I remember when I was still teaching pencak silat, that I was very strong. I could out carry and lift a lot of the guys even.

Now I am convinced, that somewhere along the way I have lost my muscles. Sure some muscles have gone weaker, but I am sure that my stomach muscles have gone on vacation, disappeared, and their vacant space occupied by fat.

But for motivation sake, I did a bad thing. Yes, I admit it. I purposely avoided a lot of weight training the past 4 months, simply because I figured I’d get around to it.  Weight training is more fun, then cardio, so no biggy there. But the problem about building muscle, is that muscles are heavier then fat. I think the mental challenge to weight loss is the hardest for me, so the LAST thing I need is being discouraged by weight gain.

But with the arrival of my (indoor) fitness equipment (thank god, it’s getting too bloody dark, cold, and wet), my new rowing machine and bodyshaper arrived. 

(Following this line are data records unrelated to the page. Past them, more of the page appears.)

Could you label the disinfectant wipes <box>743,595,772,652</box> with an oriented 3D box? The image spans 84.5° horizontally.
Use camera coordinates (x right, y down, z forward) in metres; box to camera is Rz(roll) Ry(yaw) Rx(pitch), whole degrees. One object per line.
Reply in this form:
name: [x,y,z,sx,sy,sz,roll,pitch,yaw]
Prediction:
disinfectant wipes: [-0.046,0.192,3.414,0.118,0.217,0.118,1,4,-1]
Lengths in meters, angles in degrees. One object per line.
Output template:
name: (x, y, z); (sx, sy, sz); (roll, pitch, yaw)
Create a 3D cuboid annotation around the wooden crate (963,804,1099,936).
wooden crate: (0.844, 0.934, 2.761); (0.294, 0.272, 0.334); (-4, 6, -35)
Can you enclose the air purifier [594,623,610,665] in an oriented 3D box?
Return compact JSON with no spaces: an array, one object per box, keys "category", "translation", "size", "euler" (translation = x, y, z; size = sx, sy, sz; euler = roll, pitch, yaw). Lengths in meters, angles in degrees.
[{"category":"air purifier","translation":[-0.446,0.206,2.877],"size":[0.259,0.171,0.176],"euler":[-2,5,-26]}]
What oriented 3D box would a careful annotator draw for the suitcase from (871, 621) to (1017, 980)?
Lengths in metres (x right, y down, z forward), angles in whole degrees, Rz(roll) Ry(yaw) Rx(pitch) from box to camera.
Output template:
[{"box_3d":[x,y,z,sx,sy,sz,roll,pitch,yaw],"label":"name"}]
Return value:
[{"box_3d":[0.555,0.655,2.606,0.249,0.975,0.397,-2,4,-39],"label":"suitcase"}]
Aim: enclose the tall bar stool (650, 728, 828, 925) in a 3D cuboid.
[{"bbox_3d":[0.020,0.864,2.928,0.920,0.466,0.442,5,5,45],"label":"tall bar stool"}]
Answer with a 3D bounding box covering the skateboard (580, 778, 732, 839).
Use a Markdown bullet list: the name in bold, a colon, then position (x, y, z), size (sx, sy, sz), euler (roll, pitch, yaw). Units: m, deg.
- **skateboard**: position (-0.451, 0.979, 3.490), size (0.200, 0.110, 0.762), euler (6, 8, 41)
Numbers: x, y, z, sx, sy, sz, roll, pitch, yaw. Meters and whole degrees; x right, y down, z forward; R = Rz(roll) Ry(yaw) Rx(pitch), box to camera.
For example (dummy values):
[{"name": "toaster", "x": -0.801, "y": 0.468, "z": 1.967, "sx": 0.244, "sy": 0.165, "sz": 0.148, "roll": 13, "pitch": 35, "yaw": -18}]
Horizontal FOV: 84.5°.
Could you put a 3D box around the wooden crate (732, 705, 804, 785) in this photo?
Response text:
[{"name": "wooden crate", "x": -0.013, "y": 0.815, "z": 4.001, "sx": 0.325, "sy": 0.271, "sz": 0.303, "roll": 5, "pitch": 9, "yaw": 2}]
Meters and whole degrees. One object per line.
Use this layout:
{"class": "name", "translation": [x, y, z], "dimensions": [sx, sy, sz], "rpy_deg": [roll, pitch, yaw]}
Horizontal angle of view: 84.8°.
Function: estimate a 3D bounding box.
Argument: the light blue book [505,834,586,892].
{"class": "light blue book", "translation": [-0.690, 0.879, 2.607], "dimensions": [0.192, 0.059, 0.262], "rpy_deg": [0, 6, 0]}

The body shaper already felt like a near death experience. But the rowing machine is far far worse. I am convinced that unlike my old rowing machine (which I used for cardio) it is a device of torture. It is pay back time for doing too much cardio, and too little weight training.

First you strap on a heart monitor, I select a program (fat burning.) Now the rowing machine is smart, based on my heart rate it will decrease and increase the weight to pull. So when my heart rate is too low to burn fat, it will increase the heaviness of my pull.

Now here is the bloodie problem……cardio wise I am nearing to be in a very good shape, so my heart rate doesn’t go up easy enough. The machine adjusts itself to have a very heavy pull. O MY GAWD. Someone find me some muscles quick.